John McCain Associate Farmed Out Steele Dossier To Journos (But Was Shocked That It Was Actually Published For Some Reason)

Newspapers for sale are display in a rack at a Washington magazine and newspaper stand, Monday, June 11, 2018. There's substantial agreement on what Americans want from the news media and what journalists want to report, according to a pair of studies that also reveal a troubling caveat: a nagging feeling among both the ideal isn't being met. (AP Photo/Manuel Balce Ceneta)

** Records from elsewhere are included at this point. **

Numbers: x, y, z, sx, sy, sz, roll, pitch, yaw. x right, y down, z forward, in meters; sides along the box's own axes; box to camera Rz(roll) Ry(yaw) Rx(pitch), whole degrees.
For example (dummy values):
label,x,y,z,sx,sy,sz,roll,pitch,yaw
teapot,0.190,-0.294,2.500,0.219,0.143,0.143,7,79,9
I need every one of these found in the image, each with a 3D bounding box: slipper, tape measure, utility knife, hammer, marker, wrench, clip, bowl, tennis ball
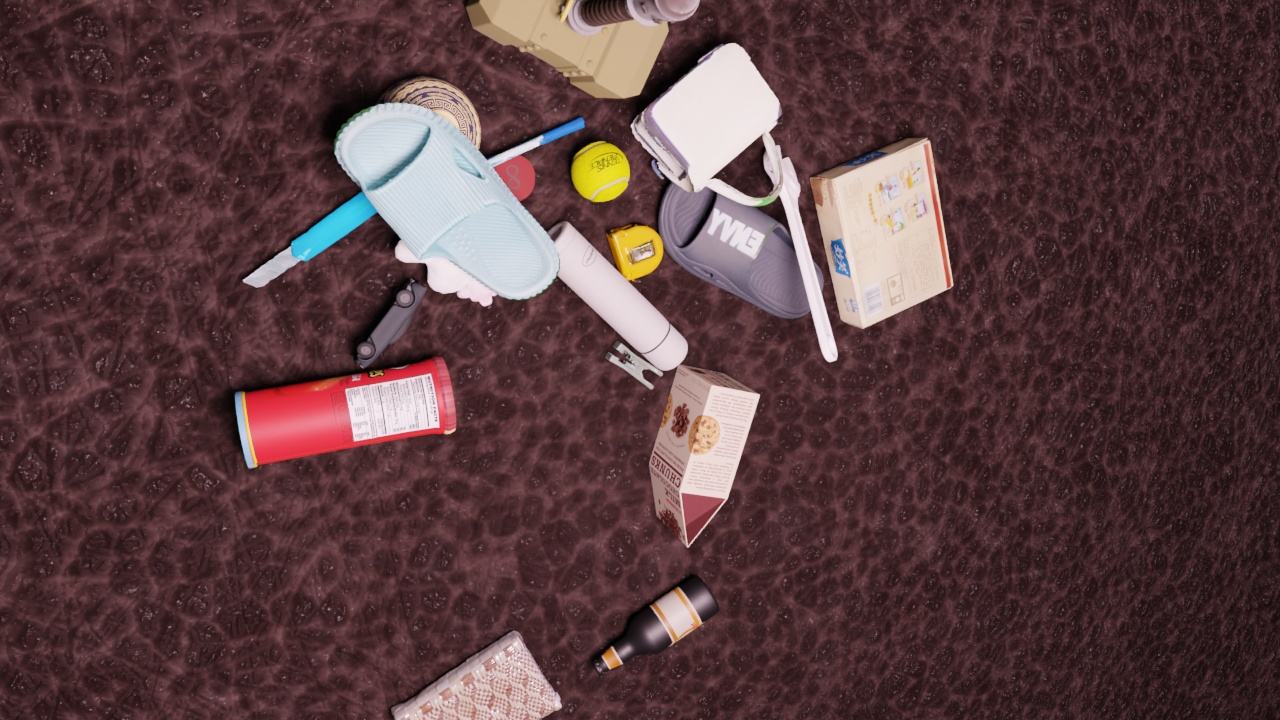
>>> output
label,x,y,z,sx,sy,sz,roll,pitch,yaw
slipper,0.135,-0.127,1.120,0.268,0.083,0.111,31,94,-29
tape measure,-0.143,-0.197,1.014,0.051,0.019,0.059,-9,100,-23
utility knife,-0.323,-0.140,0.957,0.206,0.015,0.031,-39,115,-12
hammer,-0.029,-0.326,0.852,0.190,0.325,0.101,23,95,-27
tape measure,-0.002,-0.130,1.089,0.058,0.030,0.068,-23,114,-13
marker,-0.122,-0.235,1.003,0.141,0.013,0.013,-31,115,-22
wrench,0.195,-0.130,1.099,0.066,0.018,0.273,6,69,-59
slipper,-0.182,-0.147,0.927,0.116,0.069,0.276,-40,127,8
clip,-0.007,0.006,1.133,0.076,0.023,0.043,36,91,-26
bowl,-0.214,-0.235,0.942,0.112,0.061,0.112,-6,103,-26
tennis ball,-0.045,-0.211,1.026,0.065,0.065,0.065,-7,108,-21

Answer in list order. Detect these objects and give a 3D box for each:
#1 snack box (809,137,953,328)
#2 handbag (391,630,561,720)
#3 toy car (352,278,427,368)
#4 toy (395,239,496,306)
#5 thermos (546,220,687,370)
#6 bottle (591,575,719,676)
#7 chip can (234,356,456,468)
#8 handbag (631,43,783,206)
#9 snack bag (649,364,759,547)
label,x,y,z,sx,sy,sz,roll,pitch,yaw
snack box,0.318,-0.167,1.199,0.153,0.055,0.207,-24,113,-15
handbag,-0.206,0.441,1.165,0.185,0.047,0.124,-31,107,-12
toy car,-0.270,-0.039,0.993,0.034,0.046,0.112,38,87,-22
toy,-0.205,-0.109,1.004,0.125,0.037,0.076,40,84,-33
thermos,-0.028,-0.070,1.081,0.052,0.052,0.224,-49,117,-3
bottle,0.016,0.361,1.227,0.181,0.059,0.059,-31,115,-12
chip can,-0.312,0.055,0.982,0.213,0.087,0.087,-10,109,-19
handbag,0.094,-0.250,1.056,0.151,0.074,0.176,-43,99,-12
snack bag,0.069,0.121,1.157,0.069,0.094,0.206,12,101,-26

Christopher Steele, former British intelligence officer in London Tuesday March 7, 2017 where he has spoken to the media for the first time . Steele who compiled an explosive and unproven dossier on President Donald Trump’s purported activities in Russia has returned to work. Christopher Steele said Tuesday he is “really pleased” to be back at work in London after a prolonged period out of public view. He went into hiding in January. (Victoria Jones/PA via AP)

If you want to smear someone and make it stick, convince those who might otherwise support him or her that the person has done something really wrong. At least that’s the theory behind why a John McCain aide named David Kramer was tapped — along with McCain himself — by Christopher Steele, author of the infamous Steele dossier, to farm out the dossier to a dozen journalists.

Which makes Kramer’s surprise that one of those less-than-scrupulous reporters from Buzzfeed ended up publishing the dossier in full a bit surprising. Or sad if one believes what Kramer said in a recently unsealed deposition: that he was horrified Buzzfeed had published it without verifying it and that he warned them they were going to get people killed.

Kramer was identified as the source of the dossier in a recently unsealed deposition related to the libel case brought by Russian businessman Aleksej Gubarev against Buzzfeed, who alleged that Gubarev had attempted to hack DNC servers during the 2016 election. It has been known for some time that McCain, Kramer’s boss, had given the dossier to James Comey at the FBI, but the story of Kramer — who met with Steele in London and took the dossier back to McCain — and how Steele directed him to meet with Buzzfeed and others is a new wrinkle.

A Steele associate, Andrew Wood, told [Kramer] and Mr. McCain about Mr. Steele’s explosive accusations during a conference in Canada.

The next step was for Mr. Kramer to travel to London that fall, rendezvous with Mr. Steele, read his claims and report back to the senator.

Mr. Kramer read the dossier at Mr. Steele’s home outside London. Mr. Steele said the allegations were “raw intelligence” that needed to be confirmed.

“He said that he had been hired to look into Donald Trump’s dealings in Russia, and that in the course of doing so, he came upon material that indicated that there were close ties between the Trump Campaign and various Russians, and the possibility of compromising material on Mr. Trump,” Mr. Kramer testified.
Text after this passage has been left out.